Arabs fear spread of federalism :: Middle East Online

As Kurds and Shiites in Iraq push for a federal constitution, fears are rising in the Arab world that the urge to create separate states could spread in countries with religious and ethnic minorities, analysts said.

When minority groups feel oppressed or deem that their rights are restricted by the centralised states in which they live, they are drawn to notions of autonomy or federalism so that they can better exercise their rights, Arab experts said.

Therefore, the Arab world is keeping a close eye on the outcome of demands for a federalist Iraq as it creates its first constitution since the fall of ex-dictator Saddam Hussein, said Nabil Abdel-Fattah, an analyst from Cairo's Al Ahram Center for Political and Strategic Studies.

"The result of the fight - between Sunnis who are against federalism in Iraq and Kurds who are for it - will have a decisive influence on how other countries' crises play out, from west of Asia to the Middle East and Iran," he said.

"Federalism was not one of the concepts in the Arab political dictionary, until now," he said.

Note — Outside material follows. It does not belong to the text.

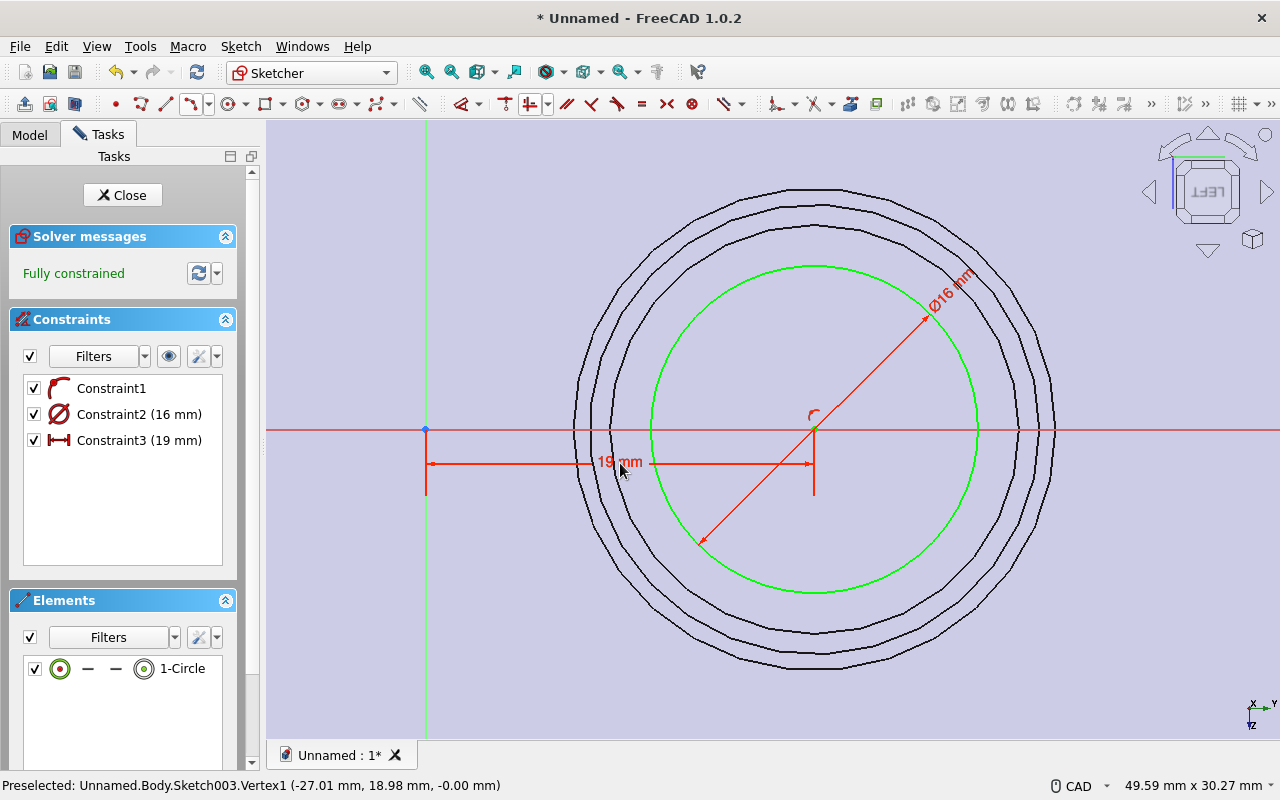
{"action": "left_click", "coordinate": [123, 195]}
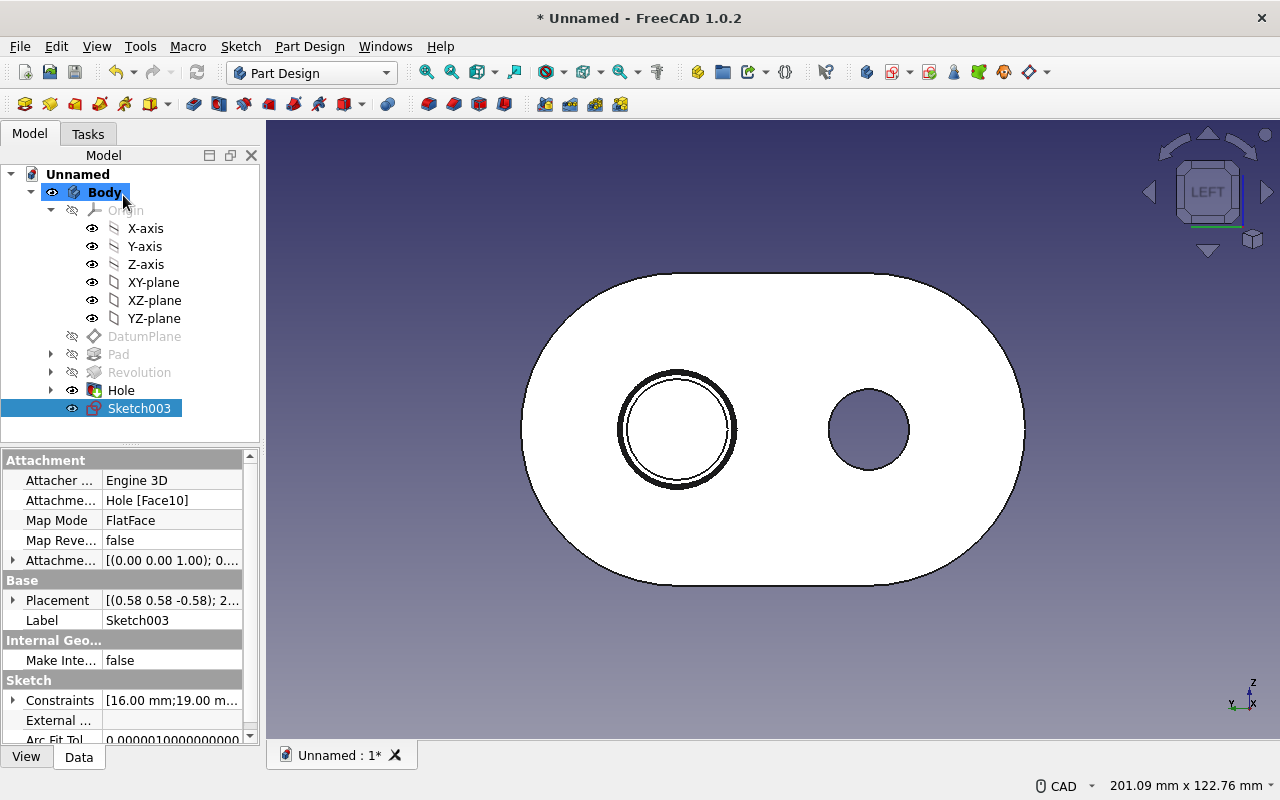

The United Arab Emirates is presently the only federal state in the gulf region.

Some parallels between the sources of success of the federal system in the UAE and the USA can be made. For example,

  • The USA was formed by the voluntary association of the 13 colonial states; the UAE was formed by the voluntary association of 7 independent emirates.
  • In both countries the individual states/emirates saw there was a political and economic gain to unifying and ceding control to a central government for joint protection from foreign intervention, and to reign in destructive barriers to trade between states/emirates.
  • The USA had George Washington; the UAE had Sheik Zayed. Both founding leaders were highly respected by large majorities of their citizens.
  • The USA and the UAE both experienced huge immigration -- the difference here being that in the UAE few of these immigrants have gained citizenship.
  • In the USA and the UAE the ethnic and sectarian diversity within each state/emirate was not dissimilar to the diversity between the states/emirates.
  • In the USA and the UAE states/emirates were delegated considerable discretion to handle local affairs locally.
  • The US left some questions of major conflict unresolved. Less than 100 years after its founding, a very bloody civil war was fought over those issues. When that war ended the central government gained considerable power, including a greatly expanded ability to tax -- and thereby redistribute. In the UAE 90% of the oil wealth is in Abu Dhabi and it has been used for the same redistributive purposes as well as a carrot and stick to defuse conflict between emirates.